The European Union also lacks the ability to reach a consensus on internal issues. Germany's severity inits austerity dealings with southern EU states on the one hand and, on the other, its generosity toward refugees may accord with Germans' current financial and humanitarian state of mind. For the internal cohesion of the European Union, however, both were poison. Especially as all these decisions were forced through under pressure of events, although each was the end of a long negative development, a period in which there were still alternatives, yet no action was taken.

When Greece was admitted to the eurozone, all the members of the currency club turned a blind eye. So did the whole of the EU when the bloc admitted Bulgaria, Romania and Croatia.

The Dublin Regulation, which states that refugees must remain in the country where they first set foot on EU soil, primarily protects Germany and the rich countries in the north and puts huge pressure on the Mediterranean countries instead. Stubbornly ignoring the looming displacement crisis in the south turned the Mediterranean into a mass grave and Syria's tragedy into a refugee drama that played out across the whole of Europe.

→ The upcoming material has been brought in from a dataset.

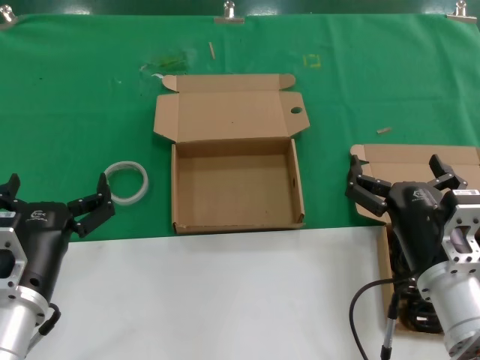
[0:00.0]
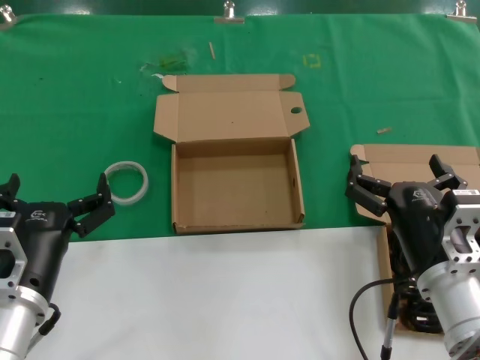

The US's military logic, which was not always in the European Union's interest, resulted in a series of interventions. The consequences of these were not just unimaginable destruction and the collapse of entire states on the edges of the European Union, but also an erosion of solidarity within the EU itself. In many places, solidarity with weaker member states or with refugees seems to have become an alien concept. The consequences of this are Brexit in London, Kaczynski in Warsaw, Orban in Budapest, and Putin, Erdogan and Trump at the gates - none of which makes the situation for the European Union any easier.

Could fall apart

The European Union's current situation is increasingly reminiscent of Yugoslavia's before it disintegrated. The disaster that befell the land of Tito can be summarized as follows: economic crisis plus the continual reduction of its societies to mere communities of descent. All political and economic problems were quickly reinterpreted as ethnic conflicts.

At the time, this seemed in the eyes of international observers to be a kind of atavism - a regrettable deviation from the mainstream of historical progress. Unfortunately, 25 years later we are forced to realize that the disintegration of Yugoslavia was obviously the start, not the end, of a development.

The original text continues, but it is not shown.